Mortality and serum sodium: do patients die from or with hyponatremia?

Arun Chawla et al. Clin J Am Soc Nephrol. 2011 May.

Abstract

Background and objectives: Severe hyponatremia (<120 mEq/L) in hospitalized patients has a high mortality rate. We hypothesized that underlying diseases causing hyponatremia attribute to mortality rather than hyponatremia itself.

Design, setting, participants, & measurements: The relationship between mortality and serum sodium (sNa) was examined in 45,693 patients admitted to a single community teaching hospital between January 1996 and December 2007. We conducted a comprehensive retrospective review of the medical records of 53 patients who died after developing sNa <120 mEq/L before or after admission and of 32 patients who survived after developing sNa <110 mEq/L.

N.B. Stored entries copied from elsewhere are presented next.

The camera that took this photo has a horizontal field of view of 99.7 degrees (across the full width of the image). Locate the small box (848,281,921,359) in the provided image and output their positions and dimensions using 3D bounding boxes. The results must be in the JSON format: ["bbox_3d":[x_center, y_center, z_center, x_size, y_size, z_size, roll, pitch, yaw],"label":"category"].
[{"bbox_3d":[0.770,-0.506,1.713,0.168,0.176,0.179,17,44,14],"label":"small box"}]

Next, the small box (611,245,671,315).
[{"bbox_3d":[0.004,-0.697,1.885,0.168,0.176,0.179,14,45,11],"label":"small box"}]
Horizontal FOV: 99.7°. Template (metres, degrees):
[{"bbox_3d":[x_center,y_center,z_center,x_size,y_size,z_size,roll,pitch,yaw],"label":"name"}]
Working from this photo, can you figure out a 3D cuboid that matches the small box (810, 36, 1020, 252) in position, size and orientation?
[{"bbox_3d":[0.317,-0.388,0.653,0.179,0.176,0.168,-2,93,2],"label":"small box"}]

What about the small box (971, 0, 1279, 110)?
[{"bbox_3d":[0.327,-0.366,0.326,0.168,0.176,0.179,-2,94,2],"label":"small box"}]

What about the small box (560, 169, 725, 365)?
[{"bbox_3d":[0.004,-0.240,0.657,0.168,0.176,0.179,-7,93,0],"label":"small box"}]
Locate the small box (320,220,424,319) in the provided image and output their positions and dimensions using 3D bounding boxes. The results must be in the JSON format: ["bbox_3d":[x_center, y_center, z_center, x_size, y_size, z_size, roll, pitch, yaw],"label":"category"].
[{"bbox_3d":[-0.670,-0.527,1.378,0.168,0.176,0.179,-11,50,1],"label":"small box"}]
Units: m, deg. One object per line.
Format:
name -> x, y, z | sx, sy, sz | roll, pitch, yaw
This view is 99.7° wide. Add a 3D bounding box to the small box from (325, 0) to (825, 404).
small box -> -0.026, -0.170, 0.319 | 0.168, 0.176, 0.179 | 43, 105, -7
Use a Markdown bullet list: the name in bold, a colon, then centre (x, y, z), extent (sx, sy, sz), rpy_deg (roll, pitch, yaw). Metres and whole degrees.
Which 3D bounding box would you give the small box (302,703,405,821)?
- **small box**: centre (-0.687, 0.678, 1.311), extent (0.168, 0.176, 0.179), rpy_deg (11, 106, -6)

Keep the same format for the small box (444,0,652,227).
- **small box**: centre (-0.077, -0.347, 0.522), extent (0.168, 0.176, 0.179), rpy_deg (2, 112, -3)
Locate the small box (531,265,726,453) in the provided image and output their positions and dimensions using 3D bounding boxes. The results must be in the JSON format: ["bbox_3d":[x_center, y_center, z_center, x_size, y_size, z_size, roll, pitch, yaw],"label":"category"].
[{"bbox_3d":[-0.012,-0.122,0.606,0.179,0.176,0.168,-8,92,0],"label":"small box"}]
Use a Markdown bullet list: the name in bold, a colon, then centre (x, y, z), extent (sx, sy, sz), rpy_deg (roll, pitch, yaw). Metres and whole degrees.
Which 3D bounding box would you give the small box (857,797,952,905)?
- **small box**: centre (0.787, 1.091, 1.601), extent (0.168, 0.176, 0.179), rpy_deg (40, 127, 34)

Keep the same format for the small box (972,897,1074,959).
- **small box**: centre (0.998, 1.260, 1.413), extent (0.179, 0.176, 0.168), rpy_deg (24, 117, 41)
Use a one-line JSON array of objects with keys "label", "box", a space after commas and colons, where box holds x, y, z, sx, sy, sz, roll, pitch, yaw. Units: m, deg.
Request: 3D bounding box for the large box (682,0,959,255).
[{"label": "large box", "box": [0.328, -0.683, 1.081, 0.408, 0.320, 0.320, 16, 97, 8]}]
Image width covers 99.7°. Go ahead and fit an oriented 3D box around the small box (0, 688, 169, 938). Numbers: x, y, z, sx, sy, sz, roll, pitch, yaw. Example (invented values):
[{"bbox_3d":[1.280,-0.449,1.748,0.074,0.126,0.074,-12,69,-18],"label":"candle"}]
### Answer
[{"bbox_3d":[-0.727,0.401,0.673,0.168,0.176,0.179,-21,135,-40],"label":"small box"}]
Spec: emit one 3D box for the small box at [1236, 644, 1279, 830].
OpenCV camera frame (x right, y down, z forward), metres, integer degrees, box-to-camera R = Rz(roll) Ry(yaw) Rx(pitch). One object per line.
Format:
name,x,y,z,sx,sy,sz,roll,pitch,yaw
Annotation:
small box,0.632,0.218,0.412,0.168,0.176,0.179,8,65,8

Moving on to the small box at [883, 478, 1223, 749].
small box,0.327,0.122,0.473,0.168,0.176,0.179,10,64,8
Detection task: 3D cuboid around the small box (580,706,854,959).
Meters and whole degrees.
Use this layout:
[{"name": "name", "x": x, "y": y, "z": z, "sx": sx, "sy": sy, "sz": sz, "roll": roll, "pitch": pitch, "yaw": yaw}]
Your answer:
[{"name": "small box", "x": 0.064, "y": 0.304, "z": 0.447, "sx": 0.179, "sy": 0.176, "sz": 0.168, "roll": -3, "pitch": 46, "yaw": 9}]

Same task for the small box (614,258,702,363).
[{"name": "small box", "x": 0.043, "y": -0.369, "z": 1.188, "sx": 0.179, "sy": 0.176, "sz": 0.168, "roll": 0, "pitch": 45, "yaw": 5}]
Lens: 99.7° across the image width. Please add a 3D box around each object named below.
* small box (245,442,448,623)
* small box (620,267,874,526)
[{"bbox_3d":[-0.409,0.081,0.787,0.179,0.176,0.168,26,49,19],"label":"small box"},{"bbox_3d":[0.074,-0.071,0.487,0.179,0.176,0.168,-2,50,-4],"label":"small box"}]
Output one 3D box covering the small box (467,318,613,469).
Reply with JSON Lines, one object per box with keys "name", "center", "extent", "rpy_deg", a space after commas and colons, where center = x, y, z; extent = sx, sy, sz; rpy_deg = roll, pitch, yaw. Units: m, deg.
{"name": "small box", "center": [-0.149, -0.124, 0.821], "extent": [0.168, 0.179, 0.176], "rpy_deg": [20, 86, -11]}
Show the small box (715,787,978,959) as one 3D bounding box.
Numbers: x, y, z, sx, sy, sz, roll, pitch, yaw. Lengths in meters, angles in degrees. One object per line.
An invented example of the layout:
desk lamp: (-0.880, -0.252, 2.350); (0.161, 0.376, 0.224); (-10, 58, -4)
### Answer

Results: Mortality rates tended to increase as the sNa fell from 134 to 120 mEq/L, rising above 10% for patients with sNa of 120 to 124 mEq/L. However, below sNa of 120 mEq/L, the trend reversed, such that the mortality rate progressively decreased as sNa fell. More than two thirds of patients who died after sNa <120 mEq/L had at least two additional acute severe progressive illnesses, most commonly sepsis and multiorgan failure. Three deaths (5.6%) in 12 years could plausibly be related to adverse consequences of hyponatremia, and one (1.8% of the fatal cases and 0.15% of all patients with sNa <120 mEq/L) was from cerebral edema. Most patients who survived with sNa <110 mEq/L had medication-induced hyponatremia. Severe underlying illnesses were uncommon in this group.

Conclusions: The nature of underlying illness rather than the severity of hyponatremia best explains mortality associated with hyponatremia. Neurologic complications from hyponatremia are uncommon among patients who die with hyponatremia.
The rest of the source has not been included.